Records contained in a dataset
——————————
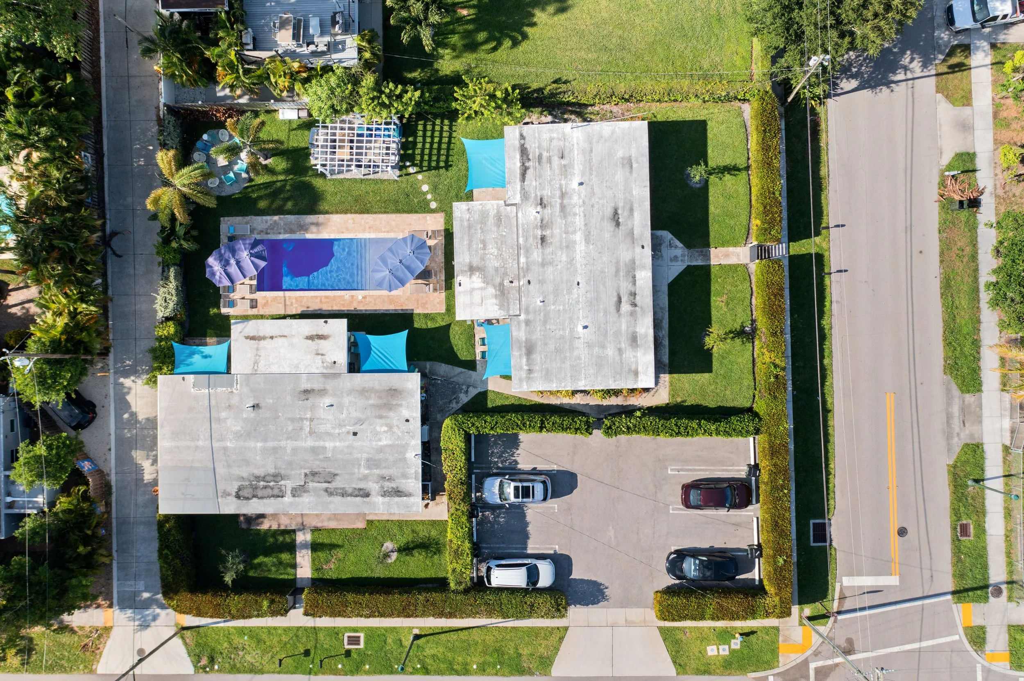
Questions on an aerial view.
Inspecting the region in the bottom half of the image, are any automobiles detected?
Yes
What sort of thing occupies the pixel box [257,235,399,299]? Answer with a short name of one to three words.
swimming pool
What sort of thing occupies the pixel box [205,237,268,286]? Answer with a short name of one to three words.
umbrella
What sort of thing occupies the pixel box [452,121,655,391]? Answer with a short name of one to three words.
house
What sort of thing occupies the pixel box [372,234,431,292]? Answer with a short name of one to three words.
umbrella
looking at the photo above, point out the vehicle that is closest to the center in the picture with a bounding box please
[482,473,551,507]
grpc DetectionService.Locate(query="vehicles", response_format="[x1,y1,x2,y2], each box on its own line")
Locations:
[58,382,104,433]
[484,555,555,591]
[482,473,551,507]
[938,0,1024,30]
[664,548,739,584]
[679,479,752,513]
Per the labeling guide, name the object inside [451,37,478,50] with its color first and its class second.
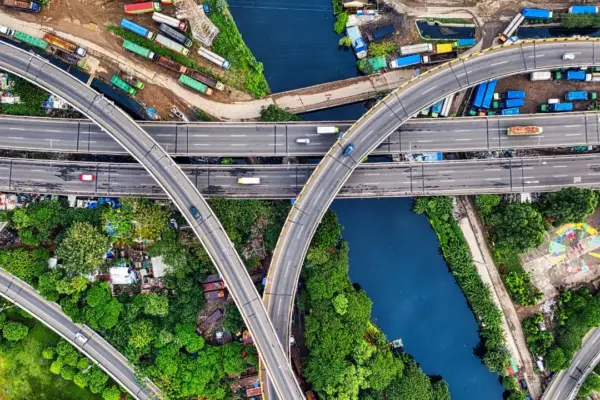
blue vehicle
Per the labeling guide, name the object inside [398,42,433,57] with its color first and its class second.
white vehicle
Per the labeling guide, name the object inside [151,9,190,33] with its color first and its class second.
white truck
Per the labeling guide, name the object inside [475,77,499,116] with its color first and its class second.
blue truck
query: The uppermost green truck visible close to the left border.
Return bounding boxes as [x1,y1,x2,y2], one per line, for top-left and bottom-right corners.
[0,23,51,50]
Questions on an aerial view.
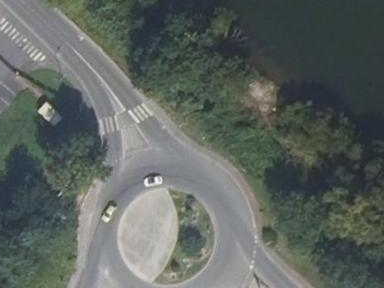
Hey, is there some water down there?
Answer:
Yes
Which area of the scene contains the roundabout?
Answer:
bottom
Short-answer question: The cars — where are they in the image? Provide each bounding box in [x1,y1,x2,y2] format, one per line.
[144,177,163,187]
[103,204,117,222]
——————————
■ Work request ■
Locate the word "query" in the data above. Copy every line carrying it.

■ Written response ■
grpc DetectionService.Locate(query="vehicles", response_format="[x1,y1,x2,y2], each box on its own line")
query: The uppermost green truck visible close to the left border.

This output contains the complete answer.